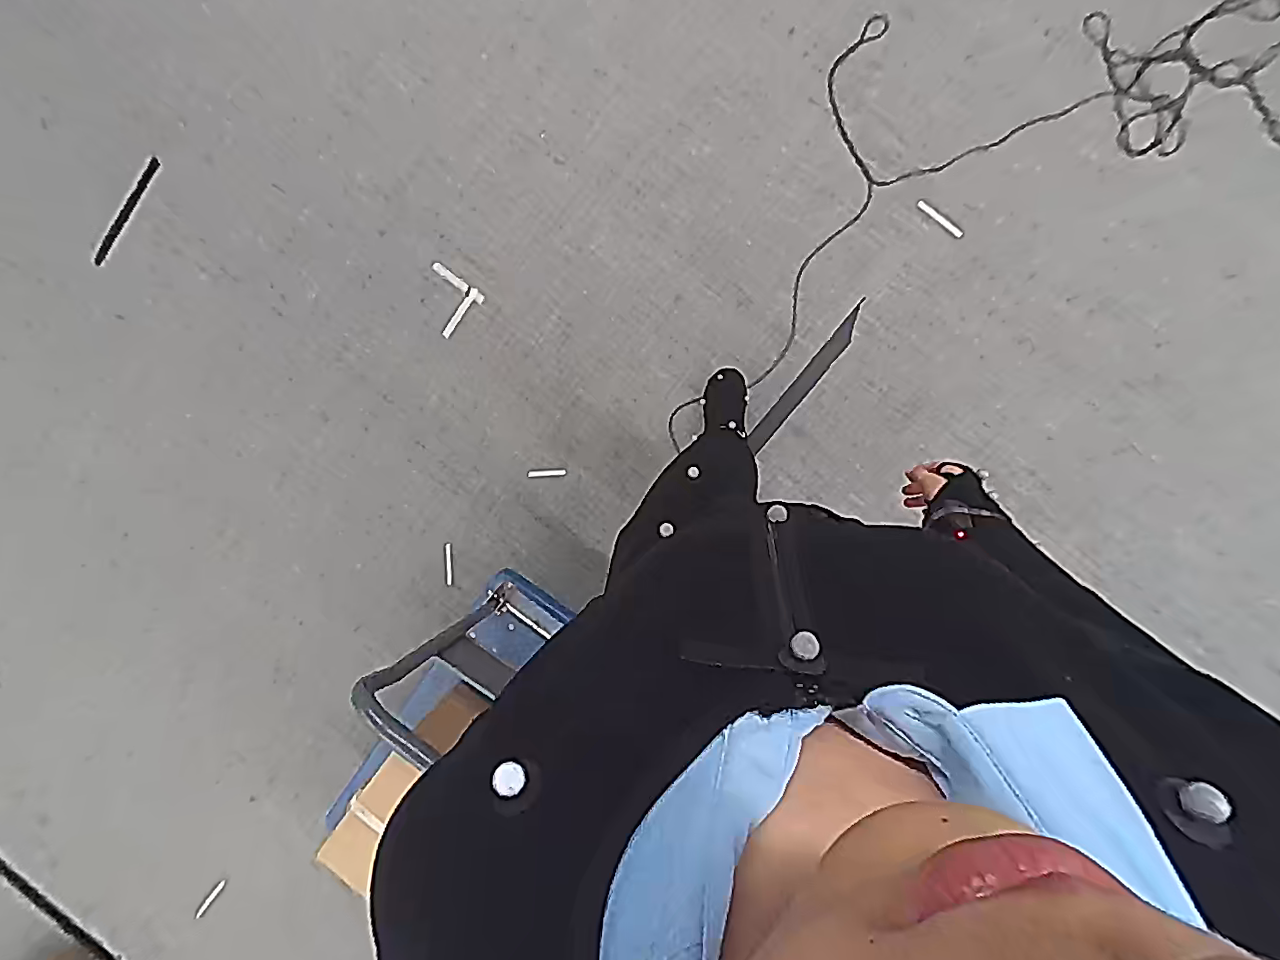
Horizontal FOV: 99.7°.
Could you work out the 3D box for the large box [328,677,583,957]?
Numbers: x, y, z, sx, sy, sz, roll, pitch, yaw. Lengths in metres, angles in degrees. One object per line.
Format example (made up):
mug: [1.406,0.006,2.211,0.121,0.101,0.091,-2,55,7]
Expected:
large box: [-0.401,0.748,1.263,0.408,0.320,0.320,37,96,2]

══════

■ What to do ■
Each line from the one with "Numbers: x, y, z, sx, sy, sz, roll, pitch, yaw." through the end of the records above should be written out exactly. No other line should appear.

■ Reply to the exercise ■
Numbers: x, y, z, sx, sy, sz, roll, pitch, yaw. Lengths in metres, angles in degrees. One object per line.
Format example (made up):
mug: [1.406,0.006,2.211,0.121,0.101,0.091,-2,55,7]
Expected:
large box: [-0.401,0.748,1.263,0.408,0.320,0.320,37,96,2]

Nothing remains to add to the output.